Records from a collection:
# # # # # # #

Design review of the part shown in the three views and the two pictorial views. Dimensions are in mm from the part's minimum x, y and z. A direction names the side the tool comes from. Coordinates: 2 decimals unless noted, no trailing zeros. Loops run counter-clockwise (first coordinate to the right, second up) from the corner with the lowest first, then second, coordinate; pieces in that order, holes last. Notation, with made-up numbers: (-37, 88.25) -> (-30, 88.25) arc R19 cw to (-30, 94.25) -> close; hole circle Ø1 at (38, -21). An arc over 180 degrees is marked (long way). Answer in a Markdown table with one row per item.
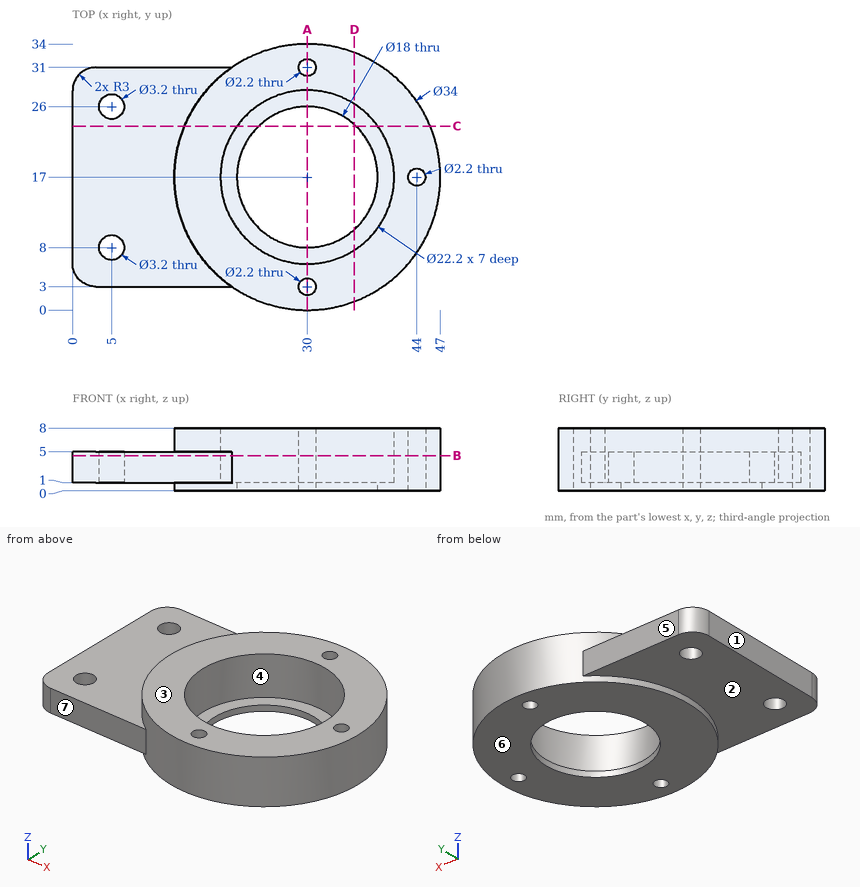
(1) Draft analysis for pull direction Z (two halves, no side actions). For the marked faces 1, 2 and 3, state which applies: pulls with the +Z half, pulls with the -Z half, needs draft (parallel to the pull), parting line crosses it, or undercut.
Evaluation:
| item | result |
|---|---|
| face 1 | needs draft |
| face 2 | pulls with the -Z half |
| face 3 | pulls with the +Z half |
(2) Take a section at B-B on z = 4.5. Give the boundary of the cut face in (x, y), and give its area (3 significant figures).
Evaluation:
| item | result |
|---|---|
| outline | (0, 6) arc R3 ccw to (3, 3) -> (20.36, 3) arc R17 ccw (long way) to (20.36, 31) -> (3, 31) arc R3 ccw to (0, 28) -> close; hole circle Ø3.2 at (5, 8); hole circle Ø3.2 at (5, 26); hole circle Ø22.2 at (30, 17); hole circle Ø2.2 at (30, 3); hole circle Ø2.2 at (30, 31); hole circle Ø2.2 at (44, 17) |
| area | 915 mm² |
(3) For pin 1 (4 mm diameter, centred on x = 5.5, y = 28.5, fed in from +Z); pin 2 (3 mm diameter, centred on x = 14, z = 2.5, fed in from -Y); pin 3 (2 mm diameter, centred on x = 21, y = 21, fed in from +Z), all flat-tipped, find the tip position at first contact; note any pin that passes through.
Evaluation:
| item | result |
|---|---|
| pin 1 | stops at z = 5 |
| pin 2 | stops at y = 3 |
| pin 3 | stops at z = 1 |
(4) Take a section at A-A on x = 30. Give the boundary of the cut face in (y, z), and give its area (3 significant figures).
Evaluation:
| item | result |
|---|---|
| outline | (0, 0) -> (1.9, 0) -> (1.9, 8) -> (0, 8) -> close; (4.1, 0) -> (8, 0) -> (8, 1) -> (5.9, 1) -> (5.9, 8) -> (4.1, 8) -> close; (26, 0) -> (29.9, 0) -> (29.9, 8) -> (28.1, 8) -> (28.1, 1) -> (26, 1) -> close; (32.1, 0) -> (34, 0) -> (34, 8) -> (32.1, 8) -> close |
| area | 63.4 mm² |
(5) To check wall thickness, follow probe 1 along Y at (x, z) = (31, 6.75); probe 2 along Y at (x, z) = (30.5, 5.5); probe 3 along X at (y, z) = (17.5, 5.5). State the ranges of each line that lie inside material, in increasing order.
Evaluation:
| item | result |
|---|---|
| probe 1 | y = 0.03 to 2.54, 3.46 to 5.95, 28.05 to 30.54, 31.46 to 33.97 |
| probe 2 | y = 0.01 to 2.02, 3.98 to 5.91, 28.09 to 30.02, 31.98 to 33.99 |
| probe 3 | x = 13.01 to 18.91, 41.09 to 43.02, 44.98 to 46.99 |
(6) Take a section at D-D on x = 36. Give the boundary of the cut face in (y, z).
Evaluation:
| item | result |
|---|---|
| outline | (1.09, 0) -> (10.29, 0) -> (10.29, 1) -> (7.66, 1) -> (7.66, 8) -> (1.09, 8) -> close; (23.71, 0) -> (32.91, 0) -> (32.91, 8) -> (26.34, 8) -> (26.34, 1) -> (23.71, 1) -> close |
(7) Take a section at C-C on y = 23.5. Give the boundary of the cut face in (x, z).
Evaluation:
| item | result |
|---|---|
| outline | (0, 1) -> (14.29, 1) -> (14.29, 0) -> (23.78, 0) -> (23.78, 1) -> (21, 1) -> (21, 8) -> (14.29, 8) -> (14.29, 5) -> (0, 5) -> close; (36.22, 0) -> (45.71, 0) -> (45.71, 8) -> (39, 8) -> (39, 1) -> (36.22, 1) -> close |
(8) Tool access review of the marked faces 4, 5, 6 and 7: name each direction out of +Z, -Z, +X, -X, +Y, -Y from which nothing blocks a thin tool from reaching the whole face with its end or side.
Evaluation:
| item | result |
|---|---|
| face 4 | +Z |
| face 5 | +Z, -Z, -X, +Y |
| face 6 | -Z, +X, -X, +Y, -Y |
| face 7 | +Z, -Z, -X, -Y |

# # # # # # #

What you should do: Excluding the pictures, restate the records above word for word.

Exercise solution:
Design review of the part shown in the three views and the two pictorial views. Dimensions are in mm from the part's minimum x, y and z. A direction names the side the tool comes from. Coordinates: 2 decimals unless noted, no trailing zeros. Loops run counter-clockwise (first coordinate to the right, second up) from the corner with the lowest first, then second, coordinate; pieces in that order, holes last. Notation, with made-up numbers: (-37, 88.25) -> (-30, 88.25) arc R19 cw to (-30, 94.25) -> close; hole circle Ø1 at (38, -21). An arc over 180 degrees is marked (long way). Answer in a Markdown table with one row per item.
(1) Draft analysis for pull direction Z (two halves, no side actions). For the marked faces 1, 2 and 3, state which applies: pulls with the +Z half, pulls with the -Z half, needs draft (parallel to the pull), parting line crosses it, or undercut.
Evaluation:
| item | result |
|---|---|
| face 1 | needs draft |
| face 2 | pulls with the -Z half |
| face 3 | pulls with the +Z half |
(2) Take a section at B-B on z = 4.5. Give the boundary of the cut face in (x, y), and give its area (3 significant figures).
Evaluation:
| item | result |
|---|---|
| outline | (0, 6) arc R3 ccw to (3, 3) -> (20.36, 3) arc R17 ccw (long way) to (20.36, 31) -> (3, 31) arc R3 ccw to (0, 28) -> close; hole circle Ø3.2 at (5, 8); hole circle Ø3.2 at (5, 26); hole circle Ø22.2 at (30, 17); hole circle Ø2.2 at (30, 3); hole circle Ø2.2 at (30, 31); hole circle Ø2.2 at (44, 17) |
| area | 915 mm² |
(3) For pin 1 (4 mm diameter, centred on x = 5.5, y = 28.5, fed in from +Z); pin 2 (3 mm diameter, centred on x = 14, z = 2.5, fed in from -Y); pin 3 (2 mm diameter, centred on x = 21, y = 21, fed in from +Z), all flat-tipped, find the tip position at first contact; note any pin that passes through.
Evaluation:
| item | result |
|---|---|
| pin 1 | stops at z = 5 |
| pin 2 | stops at y = 3 |
| pin 3 | stops at z = 1 |
(4) Take a section at A-A on x = 30. Give the boundary of the cut face in (y, z), and give its area (3 significant figures).
Evaluation:
| item | result |
|---|---|
| outline | (0, 0) -> (1.9, 0) -> (1.9, 8) -> (0, 8) -> close; (4.1, 0) -> (8, 0) -> (8, 1) -> (5.9, 1) -> (5.9, 8) -> (4.1, 8) -> close; (26, 0) -> (29.9, 0) -> (29.9, 8) -> (28.1, 8) -> (28.1, 1) -> (26, 1) -> close; (32.1, 0) -> (34, 0) -> (34, 8) -> (32.1, 8) -> close |
| area | 63.4 mm² |
(5) To check wall thickness, follow probe 1 along Y at (x, z) = (31, 6.75); probe 2 along Y at (x, z) = (30.5, 5.5); probe 3 along X at (y, z) = (17.5, 5.5). State the ranges of each line that lie inside material, in increasing order.
Evaluation:
| item | result |
|---|---|
| probe 1 | y = 0.03 to 2.54, 3.46 to 5.95, 28.05 to 30.54, 31.46 to 33.97 |
| probe 2 | y = 0.01 to 2.02, 3.98 to 5.91, 28.09 to 30.02, 31.98 to 33.99 |
| probe 3 | x = 13.01 to 18.91, 41.09 to 43.02, 44.98 to 46.99 |
(6) Take a section at D-D on x = 36. Give the boundary of the cut face in (y, z).
Evaluation:
| item | result |
|---|---|
| outline | (1.09, 0) -> (10.29, 0) -> (10.29, 1) -> (7.66, 1) -> (7.66, 8) -> (1.09, 8) -> close; (23.71, 0) -> (32.91, 0) -> (32.91, 8) -> (26.34, 8) -> (26.34, 1) -> (23.71, 1) -> close |
(7) Take a section at C-C on y = 23.5. Give the boundary of the cut face in (x, z).
Evaluation:
| item | result |
|---|---|
| outline | (0, 1) -> (14.29, 1) -> (14.29, 0) -> (23.78, 0) -> (23.78, 1) -> (21, 1) -> (21, 8) -> (14.29, 8) -> (14.29, 5) -> (0, 5) -> close; (36.22, 0) -> (45.71, 0) -> (45.71, 8) -> (39, 8) -> (39, 1) -> (36.22, 1) -> close |
(8) Tool access review of the marked faces 4, 5, 6 and 7: name each direction out of +Z, -Z, +X, -X, +Y, -Y from which nothing blocks a thin tool from reaching the whole face with its end or side.
Evaluation:
| item | result |
|---|---|
| face 4 | +Z |
| face 5 | +Z, -Z, -X, +Y |
| face 6 | -Z, +X, -X, +Y, -Y |
| face 7 | +Z, -Z, -X, -Y |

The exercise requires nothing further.